Entries taken from a collection
━━━━━━━━━━

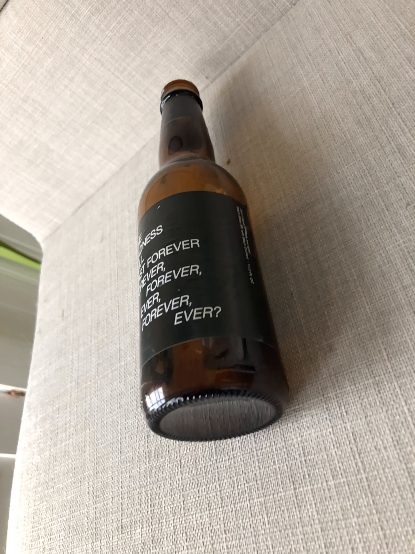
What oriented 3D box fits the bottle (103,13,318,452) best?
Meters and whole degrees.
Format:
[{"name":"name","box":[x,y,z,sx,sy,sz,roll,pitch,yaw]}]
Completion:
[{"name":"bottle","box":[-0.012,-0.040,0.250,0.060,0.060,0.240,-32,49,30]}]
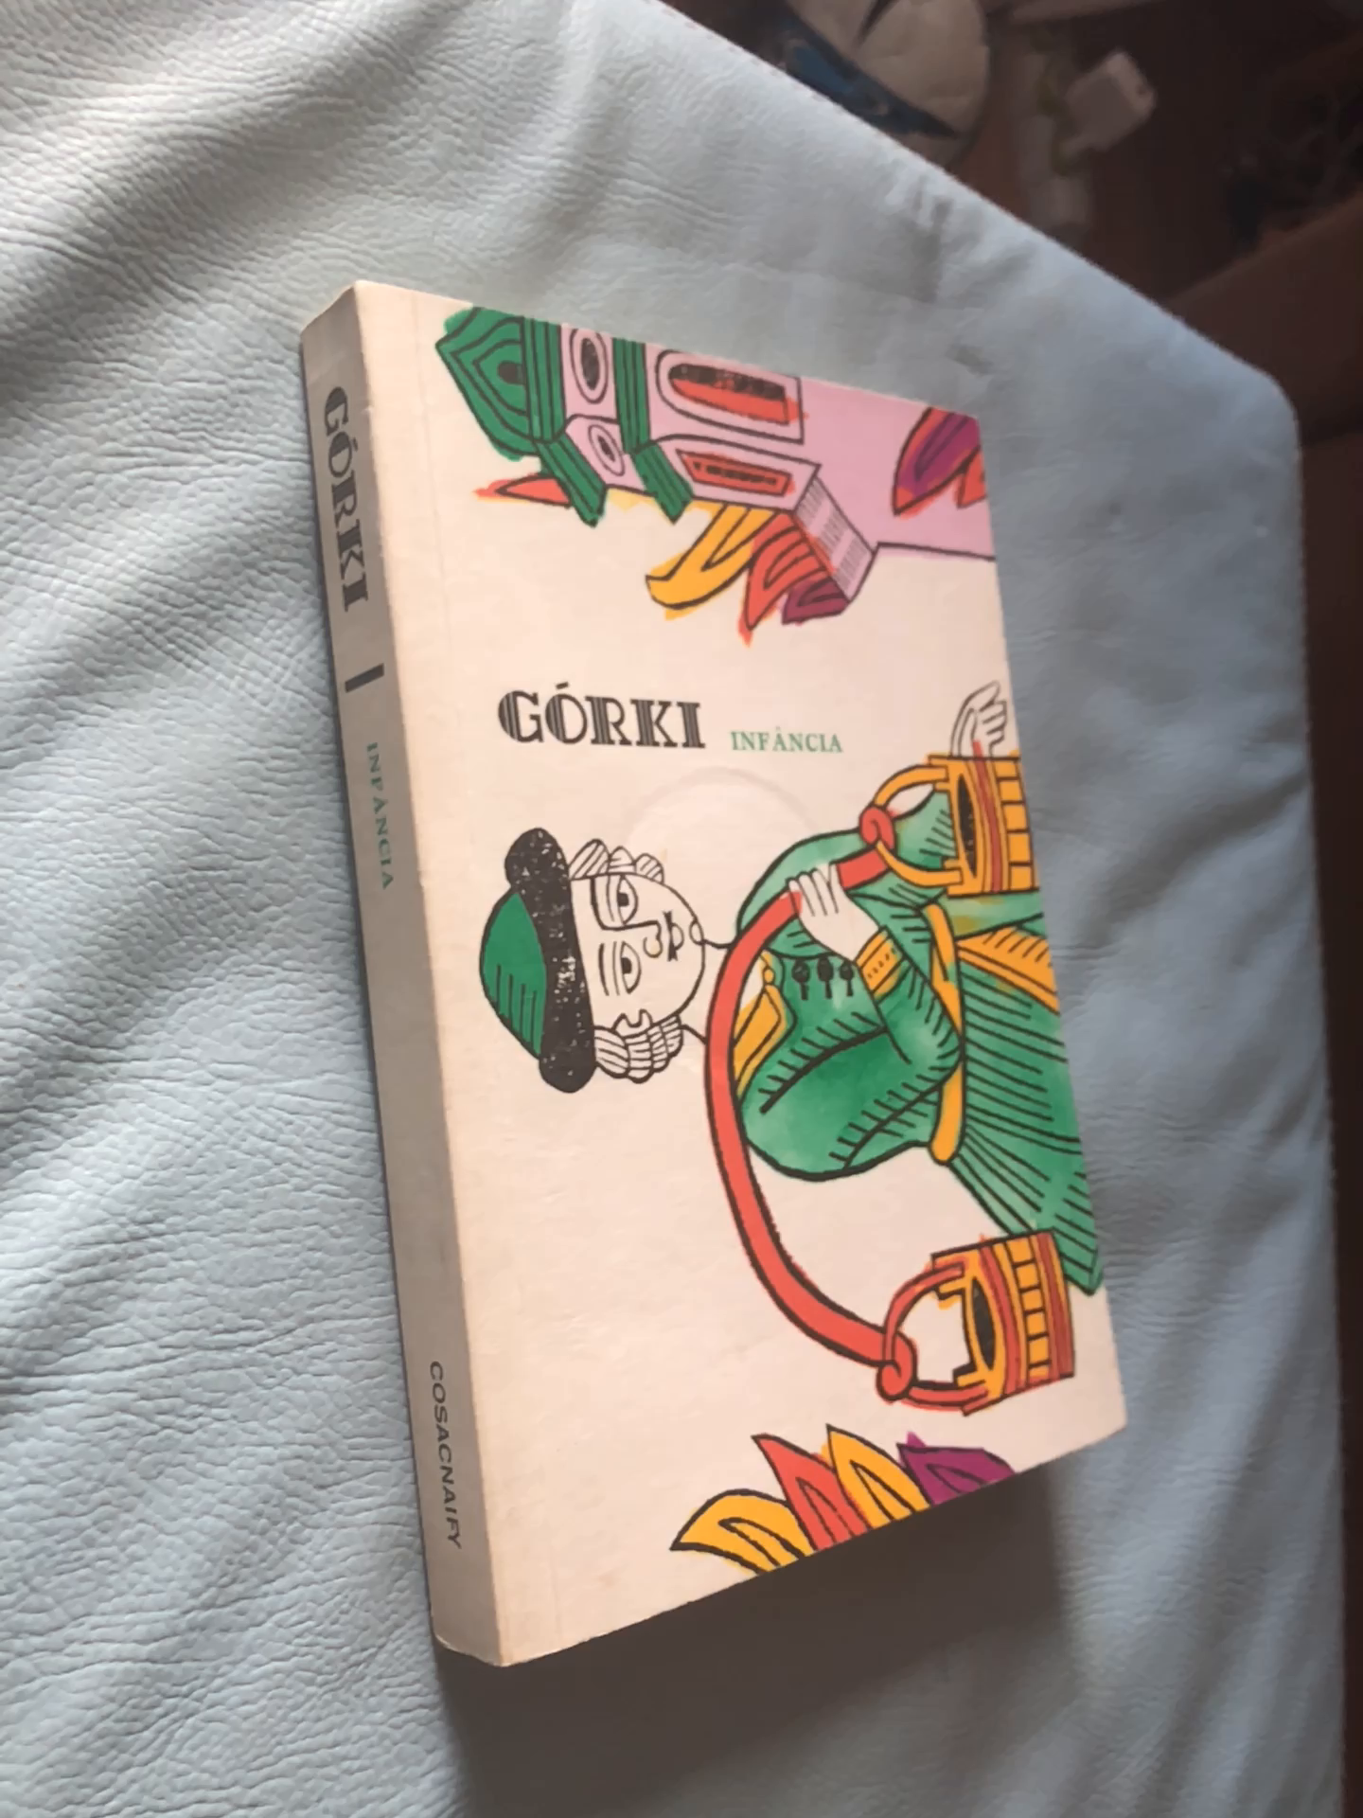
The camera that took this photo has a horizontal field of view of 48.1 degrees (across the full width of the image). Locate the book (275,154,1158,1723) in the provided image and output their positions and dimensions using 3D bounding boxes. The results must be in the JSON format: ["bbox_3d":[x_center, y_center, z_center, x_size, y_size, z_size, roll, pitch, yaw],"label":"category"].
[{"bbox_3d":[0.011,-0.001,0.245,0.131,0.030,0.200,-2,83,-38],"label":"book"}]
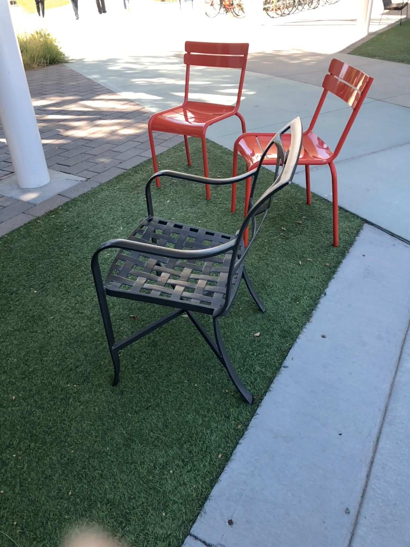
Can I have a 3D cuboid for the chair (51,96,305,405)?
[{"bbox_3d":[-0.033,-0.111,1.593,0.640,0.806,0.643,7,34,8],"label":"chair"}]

━━━━━━━━━━

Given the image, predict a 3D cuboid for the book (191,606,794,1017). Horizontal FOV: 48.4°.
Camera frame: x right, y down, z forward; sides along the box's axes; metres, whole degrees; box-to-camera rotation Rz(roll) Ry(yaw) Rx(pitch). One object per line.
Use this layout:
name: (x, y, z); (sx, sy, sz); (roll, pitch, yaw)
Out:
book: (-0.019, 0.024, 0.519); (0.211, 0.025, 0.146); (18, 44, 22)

━━━━━━━━━━

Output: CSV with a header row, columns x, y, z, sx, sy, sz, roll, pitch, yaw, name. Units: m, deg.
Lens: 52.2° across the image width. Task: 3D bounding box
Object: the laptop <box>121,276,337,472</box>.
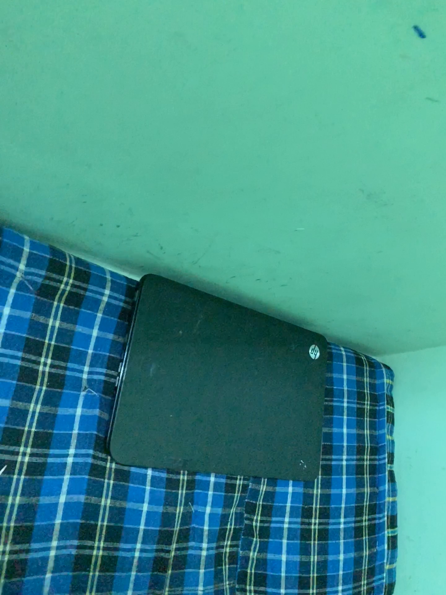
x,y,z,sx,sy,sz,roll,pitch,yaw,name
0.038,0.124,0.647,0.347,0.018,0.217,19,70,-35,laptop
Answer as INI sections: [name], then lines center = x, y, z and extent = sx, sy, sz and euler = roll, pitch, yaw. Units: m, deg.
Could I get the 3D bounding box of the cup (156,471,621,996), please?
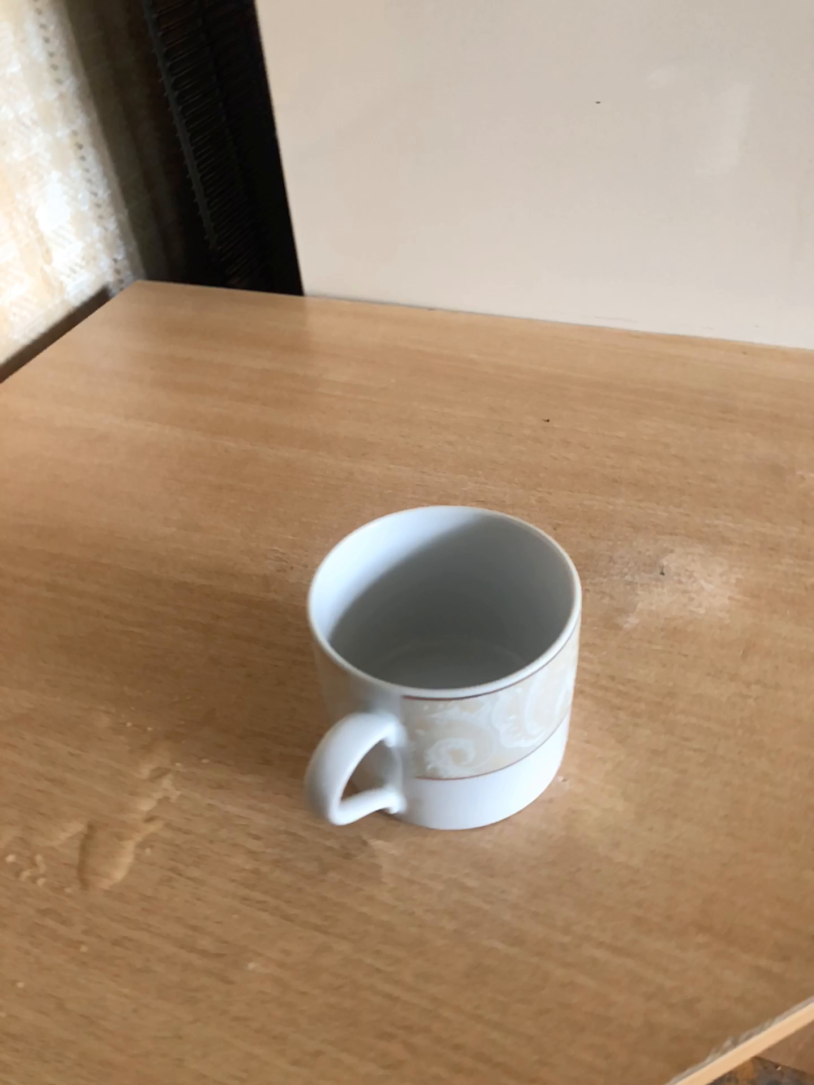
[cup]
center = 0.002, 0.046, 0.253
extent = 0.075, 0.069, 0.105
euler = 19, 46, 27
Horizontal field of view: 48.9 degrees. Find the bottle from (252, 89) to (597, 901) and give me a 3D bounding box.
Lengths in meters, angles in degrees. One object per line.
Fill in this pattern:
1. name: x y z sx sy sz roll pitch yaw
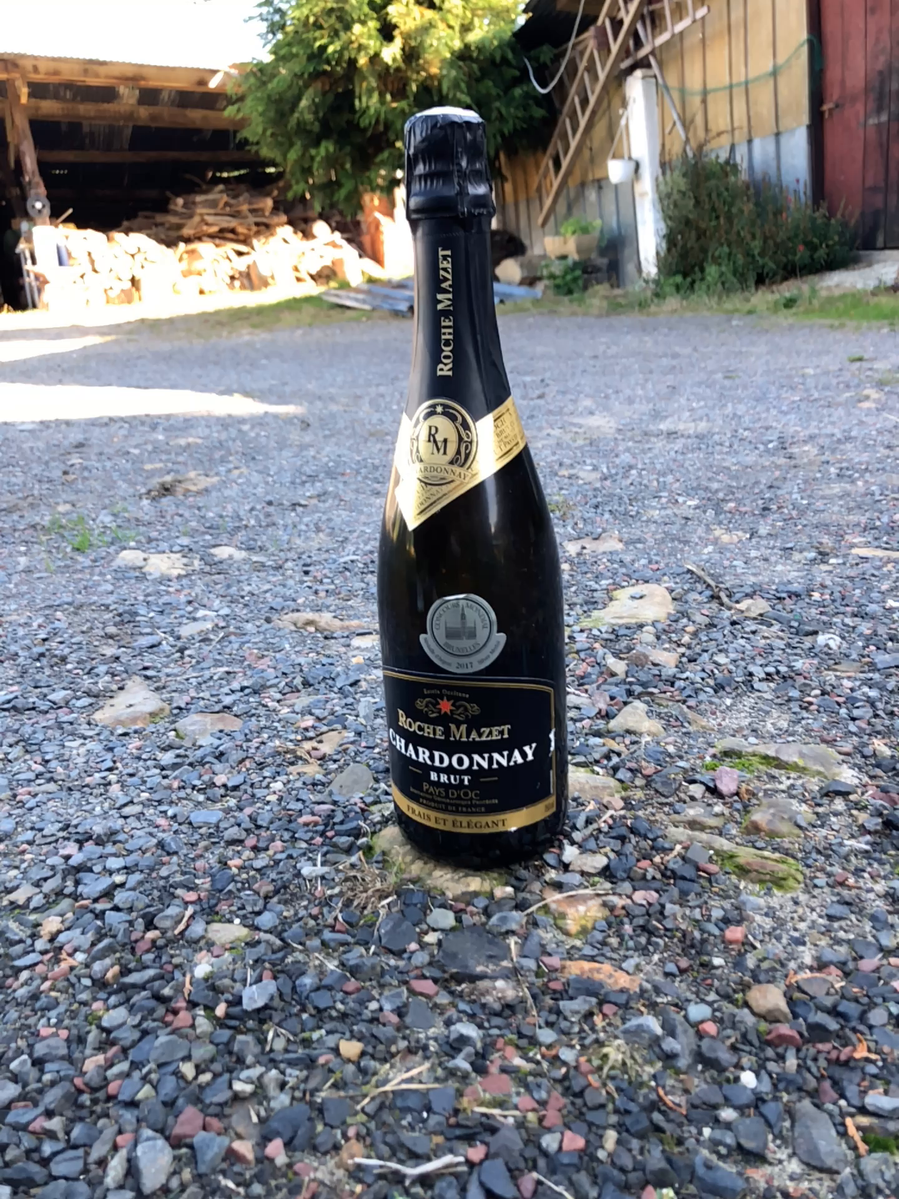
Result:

━━━━━━━━━━

| TASK GOAL |
Out of the records above, pull the lines that include the word "Units".

| WRITTEN ANSWER |
Output: CSV with a header row, columns x, y, z, sx, sy, sz, roll, pitch, yaw, name. Units: m, deg.
Answer as INI sections: [name], then lines center = x, y, z and extent = sx, sy, sz and euler = roll, pitch, yaw. Units: m, deg.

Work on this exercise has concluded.